Everton arrive in 10th on 24 points, a mid-table position that flatters nobody but speaks to their competence. Yet David Moyes has also had to deal with self-inflicted damage: after a 1-0 defeat to Arsenal, he admitted he had “no complaints” about the decisive penalty and suggested Jake O’Brien “shouldn’t have raised arms”. It is the sort of basic detail that turns controlled performances into avoidable losses.
Where this game sits in the season
Burnley’s season numbers point to a side chasing matches and paying for it. They have conceded 34 goals in 17 fixtures, a rate that makes every small error feel terminal, and they have only scored first in 18% of games. Everton, by contrast, are not exactly prolific (18 goals in 17), but with only 20 conceded they are better set up for tight, low-scoring scripts.

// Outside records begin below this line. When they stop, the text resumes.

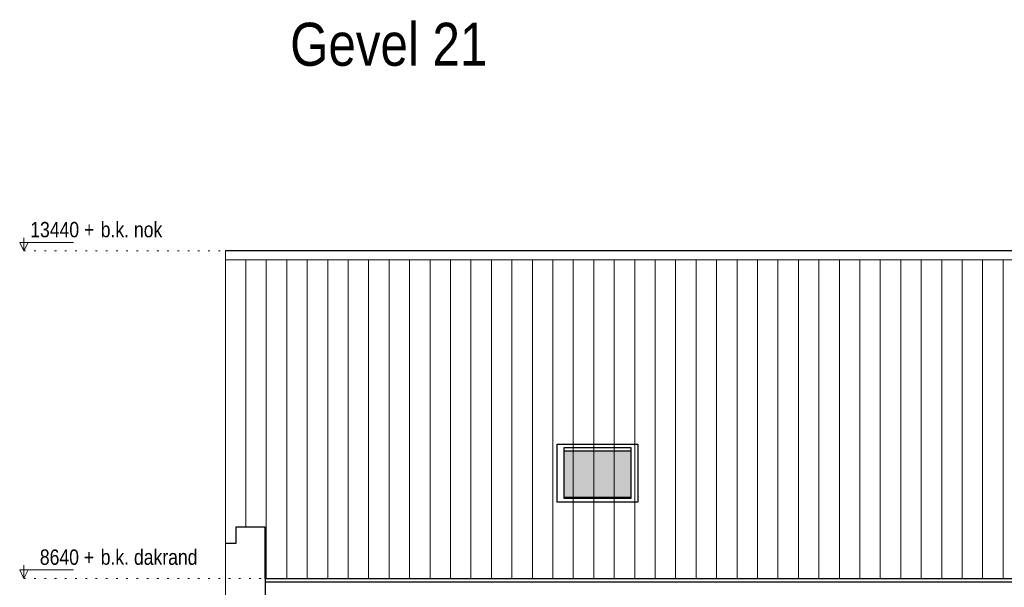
# Model space of a CAD drawing. Extents: x -59835 to 56084, y -767 to 195624.
# Tile 29 of 35: x -25314 to -10882, y 148713 to 157031. Entities that reach past the tile are written whole.
import ezdxf

# ---------------------------------------------------------------- set-up
doc = ezdxf.new("R2010")
doc.units = 0
doc.header["$MEASUREMENT"] = 0
doc.linetypes.add('DASHDOT', pattern=[1250, 1000, -112.5, 25, -112.5])
doc.linetypes.add('DOT', pattern=[150, 25, -125])
for name, color, linetype in [('101 - TEKSTEN', 7, 'Continuous'), ('102 - MAATVOERING', 7, 'Continuous'), ('21 - BUITENWANDEN', 92, 'Continuous'), ('27 - DAKEN', 92, 'Continuous'), ('31 - BUITENKOZIJNEN', 7, 'Continuous'), ('31.1 - ARCERING', 7, 'Continuous'), ('52 - AFVOERVOORZIENINGEN', 92, 'Continuous')]:
    doc.layers.add(name, color=color, linetype=linetype)

msp = doc.modelspace()

# ---------------------------------------------------------------- hatches: boundary and pattern name
at = {"layer": '27 - DAKEN', "linetype": 'Continuous', "lineweight": 13}
h = msp.add_hatch(dxfattribs=at)
h.set_pattern_fill("~A--G'$~", color=253, style=0, pattern_type=0)
h.set_pattern_definition([(90, (-22300, 149353), (-300, -1e-05), [])])
h.paths.add_polyline_path([(-22300, 149353), (-22300, 153513), (7868.75, 153513), (3925, 149933), (3565, 149933), (3565, 149413), (2282.5, 148843), (-21715, 148843), (-21715, 149593), (-22145, 149593), (-22145, 149353)])
at = {"layer": '31.1 - ARCERING', "linetype": 'Continuous', "lineweight": 5}
msp.add_hatch(color=253, dxfattribs=at).paths.add_polyline_path([(-17335, 150033), (-17335, 150713), (-16355, 150713), (-16355, 150033)])
msp.add_hatch(color=253, dxfattribs=at).paths.add_polyline_path([(-17335, 150033), (-17335, 150713), (-16355, 150713), (-16355, 150033)])

# ---------------------------------------------------------------- linework, layer by layer
at = {"layer": '102 - MAATVOERING', "color": 213, "linetype": 'Continuous', "lineweight": 13}
for points in [[(-25252, 153836.75), (-25252, 153643), (-25314.5, 153768), (-24527, 153768)], [(-25252, 153643), (-25189.5, 153768)], [(-25252, 149036.75), (-25252, 148843), (-25314.5, 148968), (-24527, 148968)], [(-25252, 148843), (-25189.5, 148968)]]:
    msp.add_lwpolyline(points, dxfattribs=at)
at = {"layer": '102 - MAATVOERING', "color": 8, "linetype": 'DOT', "lineweight": 5}
for points in [[(-25252, 153643), (-22300, 153643)], [(-25252, 148843), (-21715, 148843)]]:
    msp.add_lwpolyline(points, dxfattribs=at)
at = {"layer": '21 - BUITENWANDEN', "color": 92, "linetype": 'Continuous', "lineweight": 25}
for points in [[(-22145, 149593), (-22145, 149353), (-22300, 149353)], [(-21715, 149593), (-22145, 149593)], [(-21715, 149593), (-21715, 139993)]]:
    msp.add_lwpolyline(points, dxfattribs=at)
at = {"layer": '21 - BUITENWANDEN', "color": 213, "linetype": 'DASHDOT', "lineweight": 13}
msp.add_lwpolyline([(-22300, 149353), (-22300, 139993)], dxfattribs=at)
at = {"layer": '27 - DAKEN', "color": 92, "linetype": 'Continuous', "lineweight": 25}
for points in [[(8013.375, 153643), (-22300, 153643)], [(-21715, 148843), (-21715, 149593), (-22145, 149593), (-22145, 149353), (-22300, 149353)], [(-21715, 148843), (2282.5, 148843)]]:
    msp.add_lwpolyline(points, dxfattribs=at)
at = {"layer": '27 - DAKEN', "color": 213, "linetype": 'DASHDOT', "lineweight": 13}
msp.add_lwpolyline([(-22300, 149353), (-22300, 153643)], dxfattribs=at)
at = {"layer": '27 - DAKEN', "color": 5, "linetype": 'Continuous', "lineweight": 5}
msp.add_lwpolyline([(7868.75, 153513), (-22300, 153513)], dxfattribs=at)
at = {"layer": '31 - BUITENKOZIJNEN', "color": 92, "linetype": 'Continuous', "lineweight": 25}
for points in [[(-17435, 149963), (-17435, 150813), (-16255, 150813), (-16255, 149963)], [(-17335, 150013), (-17335, 150763), (-16355, 150763), (-16355, 150013)]]:
    msp.add_lwpolyline(points, close=True, dxfattribs=at)
for points in [[(-17335, 150713), (-16355, 150713)], [(-17335, 150033), (-16355, 150033)]]:
    msp.add_lwpolyline(points, dxfattribs=at)
at = {"layer": '52 - AFVOERVOORZIENINGEN', "color": 92, "linetype": 'Continuous', "lineweight": 25}
msp.add_lwpolyline([(-21715, 148793), (2170, 148793)], dxfattribs=at)

# ---------------------------------------------------------------- texts
at = {"layer": '101 - TEKSTEN', "color": 7, "linetype": 'Continuous', "lineweight": 0, "insert": (-21350, 156347), "char_height": 629.999983, "attachment_point": 7, "line_spacing_factor": 1.333333}
msp.add_mtext('{\\fArial Narrow|b0|i0|c12|p0;Gevel 21}', dxfattribs=at)
at = {"layer": '102 - MAATVOERING', "color": 7, "linetype": 'Continuous', "lineweight": 0, "char_height": 224.999994, "attachment_point": 7, "line_spacing_factor": 0.8}
for s, insert in [('{\\fArial Narrow|b0|i0|c12|p0; 13440 + }', (-25231.875, 153839.25)), ('{\\fArial Narrow|b0|i0|c12|p0;b.k. nok}', (-24127, 153839.25)), ('{\\fArial Narrow|b0|i0|c12|p0;  8640 + }', (-25162.5, 149039.25)), ('{\\fArial Narrow|b0|i0|c12|p0;b.k. dakrand}', (-24127, 149039.25))]:
    msp.add_mtext(s, dxfattribs=dict(at, insert=insert))

doc.saveas('drawing.dxf')

![]() Burnley BUR | ![]() Everton EVE | Season snapshot (Premier League 2025) |
|---|---|---|
| 19th | 10th | Current position |
| 17 | 17 | Games played |
| 11 | 24 | Points |
| 19 | 18 | Goals for |
| 34 | 20 | Goals against |
Recent form: Burnley’s fragile balance vs Everton’s stop-start run
Parker’s Burnley have at least shown they can land a punch late: their “top minute window” this season is 76–90 (36%), and in the last five games that jumps to 80%. The problem is what happens before that. Burnley concede a goal every 45 minutes on average, and with only one clean sheet across the last 10, they are constantly negotiating danger rather than controlling it.
Everton’s last five is a mixed bag of scorelines and styles: a 1-0 loss to Arsenal, a 2-0 win at Chelsea, a 3-0 win over Nottingham Forest, a 1-0 loss at Bournemouth, and a 4-1 win over Newcastle. It reads like a side capable of sharp, decisive games — but not always able to stop the wobble arriving.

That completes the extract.